Arms Around A Vision

Girls Names

Tough Love Records – 2015
par Jeff, le 6 novembre 2015
8

Entre les cd-r tous tristounets, les liens privés Soundcloud, les injonctions au téléchargement sur Sendspace, les copies promo à l’artwork photocopié ou l'occasionnel disque sous blister (une espèce de Graal pour le scribouillard bénévole), il y a quelque chose d'éreintant et de déprimant à essayer de suivre le rythme qu’impose une actualité musicale désireuse de nous faire découvrir à peu près toutes les 48 heures la nouvelle perle rare qui changera la face de la musique pour les deux semaines qui viennent - y'a des attachés de presse qui se rendent pas compte des couillonnades qu'ils débitent, vous avez pas idée.

Bref, quand le détecteur à conneries de notre cerveau se met surchauffer, il est bon de voir tomber un disque en droite provenance de chez Tough Love Records. Parce qu’on sait qu’il est de labels dont l’amour du travail bien fait et les habituelles exigences en font des valeurs sûres. Et l'honorable maison basée à Leeds fait résolument partie de cette catégorie.

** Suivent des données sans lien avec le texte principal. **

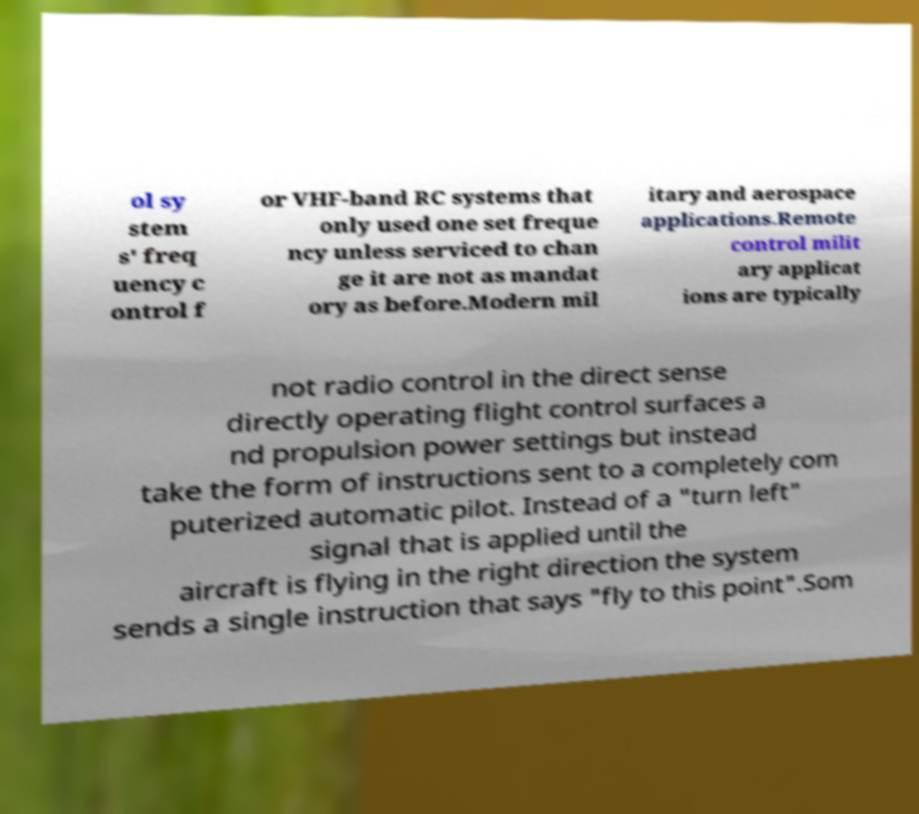Could you extract and type out the text from this image? ol sy stem s' freq uency c ontrol f or VHF-band RC systems that only used one set freque ncy unless serviced to chan ge it are not as mandat ory as before.Modern mil itary and aerospace applications.Remote control milit ary applicat ions are typically not radio control in the direct sense directly operating flight control surfaces a nd propulsion power settings but instead take the form of instructions sent to a completely com puterized automatic pilot. Instead of a "turn left" signal that is applied until the aircraft is flying in the right direction the system sends a single instruction that says "fly to this point".Som 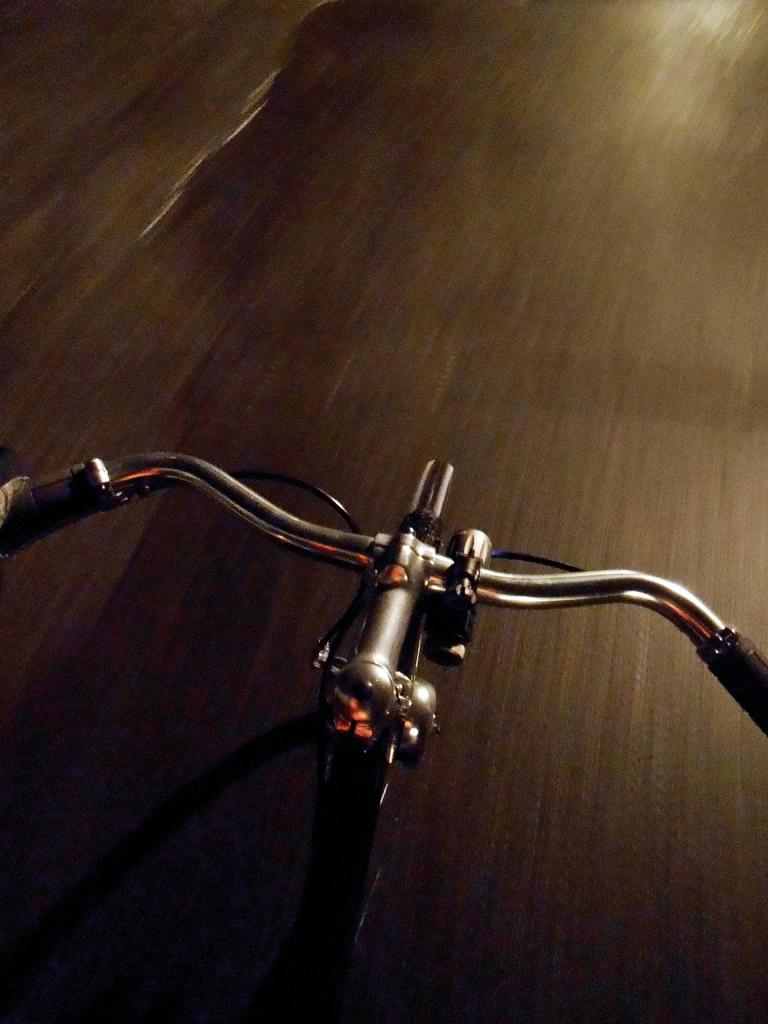What is the main subject of the image? The main subject of the image is a bicycle. Where is the bicycle located? The bicycle is on the road. How many chickens are sitting on the property in the image? There are no chickens or properties present in the image; it features a bicycle on the road. What advice does the father give to the child in the image? There is no child or father present in the image; it only features a bicycle on the road. 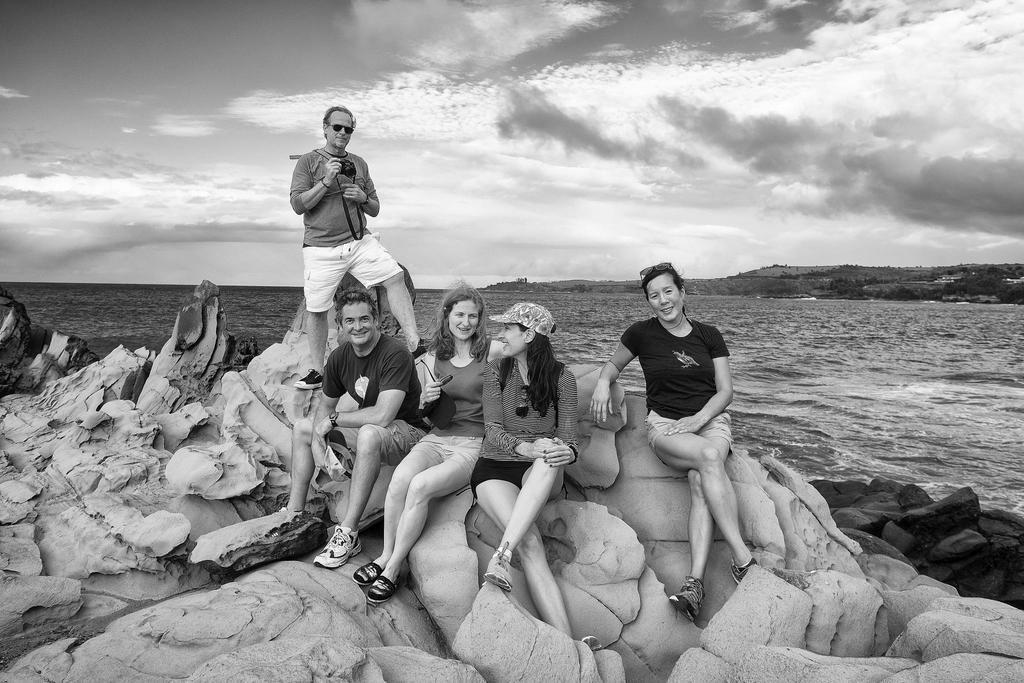Please provide a concise description of this image. This picture shows few people seated on the rocks and we see a man standing and holding camera in his hand and he wore sunglasses on his face and a woman wore cap on her head and another woman holding sunglasses in her hand and we see water, trees and a cloudy sky.

Elle n’est certes pas encore arrivée au niveau de qualité qu’on retrouve chez les grosses machines de la constellation rock indé, mais la sortie à intervalles réguliers de très chouettes plaques suffit à notre bonheur de mélomane un peu paumé, comme en témoignent les récentes livraisons de Cymbals Eat Guitars, Communions ou Autobahn. Autobahn justement. Assez facile, à l’écoute de ce second album de Girls Names, de trouver des similitudes avec le groupe anglais dont le Dissemble a été synonyme de grosse claque post-punk - on a encore les joues endolories alors que l’on publie ces lignes. Ici aussi, on pense très rapidement à Joy Division, à Interpol, à Bauhaus. Bref, on pense à plein de groupes qui nous font aimer l’automne et qui ont érigé la noirceur en art de vivre.

À la seule différence près que chez les Nord-Irlandais de Girls Names, il a été décidé qu’on ne tirerait pas la tronche à longueur d’année, que la lumière devait elle aussi avoir voix au chapitre. Alors sur ce troisième album, ce qu’on entend surtout, c’est cette volonté permanente d’équilibrer le propos, de jouer sur les nuances et les couleurs, de ne jamais se laisser complètement submerger par la sinistrose. Un exercice plus complexe qu'il n'en a l'air, mais qui porte ses fruits sur ce troisième album : Arms Around A Vision est un disque plein, gavé de reliefs, de couleurs et d’émotions. C'est aussi un disque qui envoie chier le temps qui passe, se fout des modes et encule la hype - il est sorti en 2015, mais il aurait tout aussi bien pu faire notre bonheur en 2005, en 1995 ou en 1985. C'est enfin un disque qui trouve un bel équilibre entre singles potentiels qui te remplissent le corps caverneux de sang dès le première écoute et pistes moins immédiates qui te caressent délicatement les testiboules lors des passages suivants sur la platine. Bref, c'est un disque qu'il est très très bien.